I did some more thinking about this. I agree that with the current way vars work (all the autodiff is embedded in scalar elements) the full Jacobian across the ODE system is required.

The way the adjoint sensitivity analysis works – it doesn’t just chain (for lack of better word) each output vari one at a time. It takes the adjoints attached to all the outputs and simultaneously integrates back and computes the contributions to the adjoints at its inputs in one go. What doesn’t conceptually work here with the scalar autodiff variables is that there might be no guarantee that all the adjoints at the output of the ODE solver are ready to be integrated back, and doing each of them individually is probably not any more efficient than the forward sensitivity analysis.

However, I think the way the Math library uses a stack and because all the varis created in the ODE solver get dumped on the stack at the same time, this condition is satisfied. It’s my understanding the library assumes that by the time it gets to a point in the stack, all of the things attached at the output have already been processed. Because all the ODE varis go on at the same place in the stack relative to everything else, when any single chain gets called, all the chains are ready to get called.

So couldn’t each of the little varis (each corresponding to one output from the ODE) initiate the chaining for everything?

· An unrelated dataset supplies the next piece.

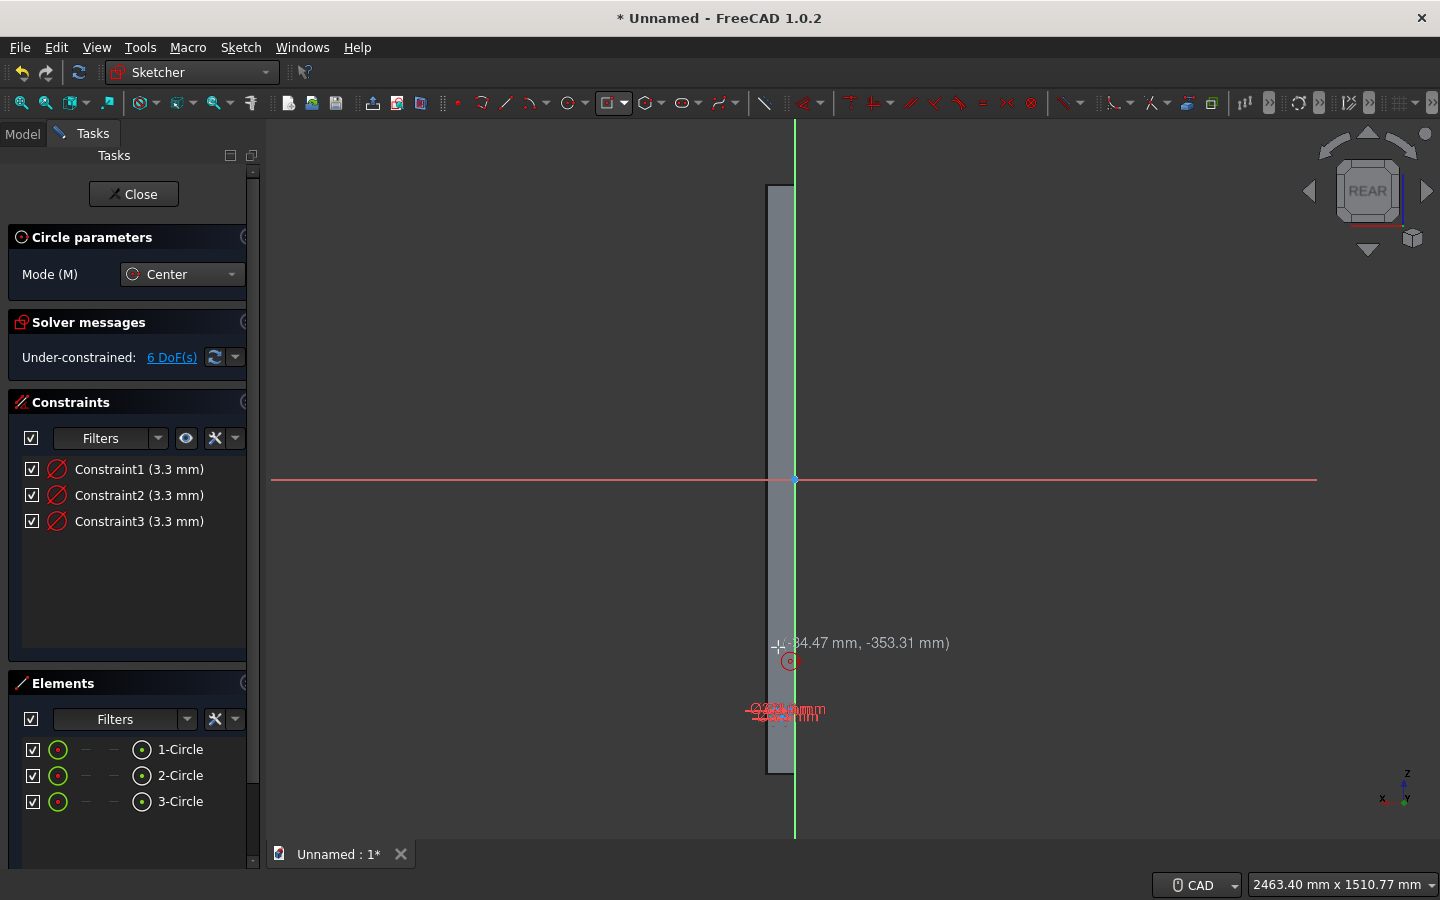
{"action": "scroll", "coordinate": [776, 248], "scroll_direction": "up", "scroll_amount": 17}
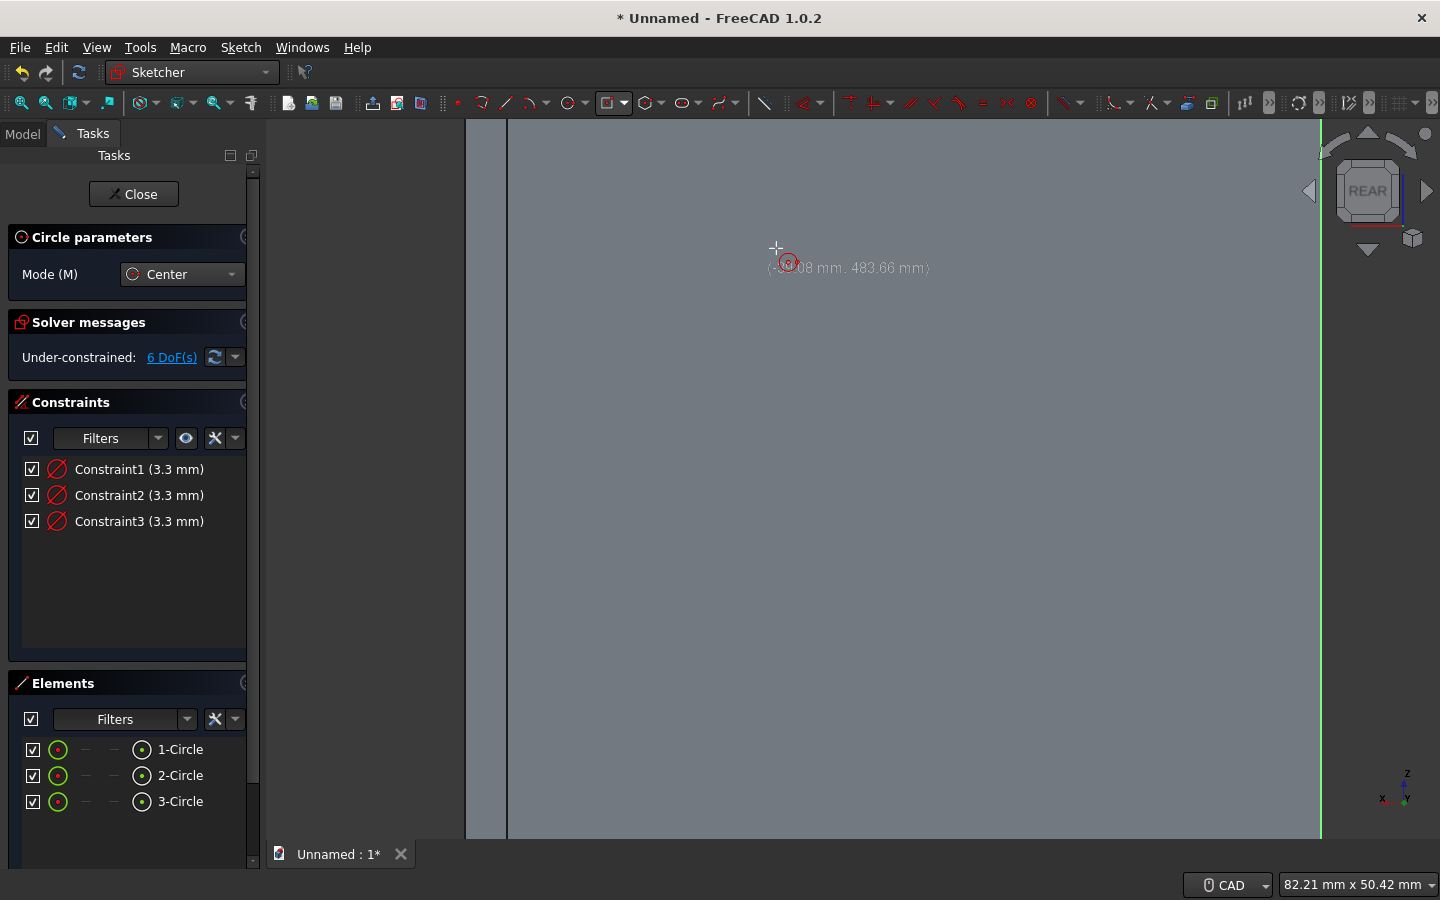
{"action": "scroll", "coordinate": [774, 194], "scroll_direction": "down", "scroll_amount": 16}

The trick there is to just design the varis in a way that only the first one called has any effect.

I coded this up here: https://github.com/bbbales2/adjoint/blob/master/stan_test.cpp

It’s just a linear 2D ODE that runs around in a circle (I tested a non-linear 1D adjoint as well outside this for what it’s worth). If we call the ode `y' = f`

, I hard coded the necessary Jacobians of `f`

. The output is ten evenly spaced samples of the first state. There is one parameter (that is the angular frequency squared). I just used forward Euler and did the integrator myself to keep the code simple looking.

The Melicher paper @betanalpha found was useful. I also liked this one (esp. for the clarity of eq. 2.4): http://www.mcs.anl.gov/~hongzh/papers/SISC_FATODE_final.pdf .

There’s the detail that we’re taking output at many different time points of the ODE. This still only requires one backwards ODE solve (though Melicher points out it’s a little finicky). If you look at how I did the reverse integration you might find the lines:

```
if((i + 1) % (N / P) == 0) {
l[0] += neighbors[p]->adj_;
p -= 1;
}
```

a little weird. What is happening there is that as we integrate back in time, as we pass outputs we absorb their adjoints into the bigger ode adjoint solve.

This is how the Melicher paper describes the backwards integration, though they may have implemented it a little differently. It’s a little weird to think about and resolve with the adjoint equations as they are given in 2.4 of the Zhang paper, but just think about doing a long ODE solve with many intermittent outputs as doing a sequence of small ODE solves where you extract the output in intermediate steps and reinitialized a new ODE solver before moving on. Then think about solving the big adjoint problem as solving a bunch of smaller adjoint problems in reverse (where you set the initial conditions of each little adjoint ODE problem as the sum of the contributions from calculations on its output as well as the contributions from any ODE solves that followed it).

Anyway I’m probably still missing something about how this could be used in Stan, but I’ve got answers to my questions so I’m happy either way :D. Figured this might be useful to someone looking around the forums either way.